*** Opening of RECORDS FOR THIS EXERCISE ***
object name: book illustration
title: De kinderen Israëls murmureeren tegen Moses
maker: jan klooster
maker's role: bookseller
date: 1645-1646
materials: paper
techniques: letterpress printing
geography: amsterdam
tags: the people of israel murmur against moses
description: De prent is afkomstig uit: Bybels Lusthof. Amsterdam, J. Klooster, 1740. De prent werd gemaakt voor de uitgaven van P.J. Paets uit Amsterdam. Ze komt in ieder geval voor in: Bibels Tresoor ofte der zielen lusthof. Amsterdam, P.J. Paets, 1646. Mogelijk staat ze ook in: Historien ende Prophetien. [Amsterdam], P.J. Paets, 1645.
*** Close of RECORDS FOR THIS EXERCISE ***
Copy only the entries from the first line to the line with "tags: the people", each exactly as it appears.

__REPLY__.
object name: book illustration
title: De kinderen Israëls murmureeren tegen Moses
maker: jan klooster
maker's role: bookseller
date: 1645-1646
materials: paper
techniques: letterpress printing
geography: amsterdam
tags: the people of israel murmur against moses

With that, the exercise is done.